TASK REQUIREMENTS:
Each record, minus any picture, should be returned exactly as written.

Extracted records:
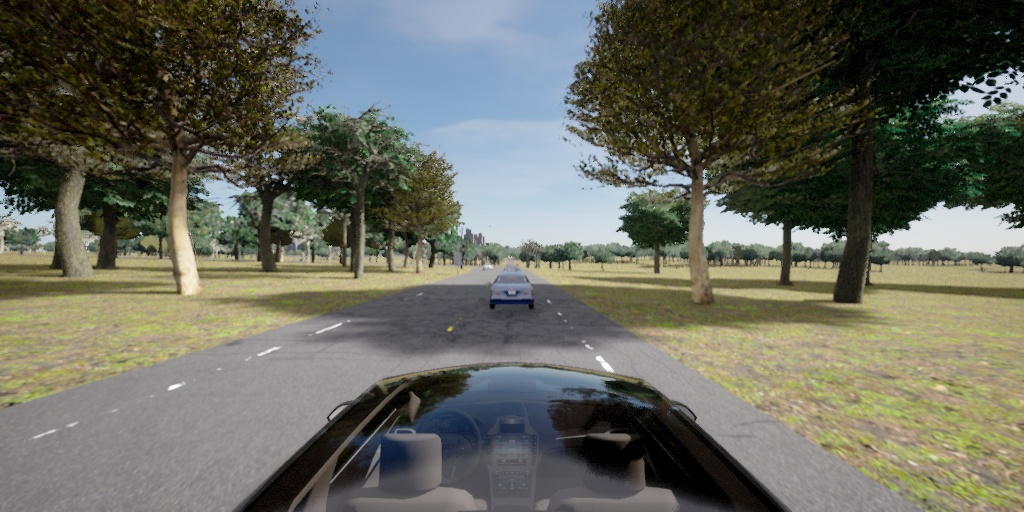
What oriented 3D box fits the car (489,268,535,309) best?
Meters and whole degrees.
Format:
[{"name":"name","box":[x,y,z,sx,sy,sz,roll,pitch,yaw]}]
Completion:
[{"name":"car","box":[-0.006,1.434,15.840,2.033,1.411,5.357,0,-1,0]}]

REPLY TO THE EXERCISE:
What oriented 3D box fits the car (489,268,535,309) best?
Meters and whole degrees.
Format:
[{"name":"name","box":[x,y,z,sx,sy,sz,roll,pitch,yaw]}]
Completion:
[{"name":"car","box":[-0.006,1.434,15.840,2.033,1.411,5.357,0,-1,0]}]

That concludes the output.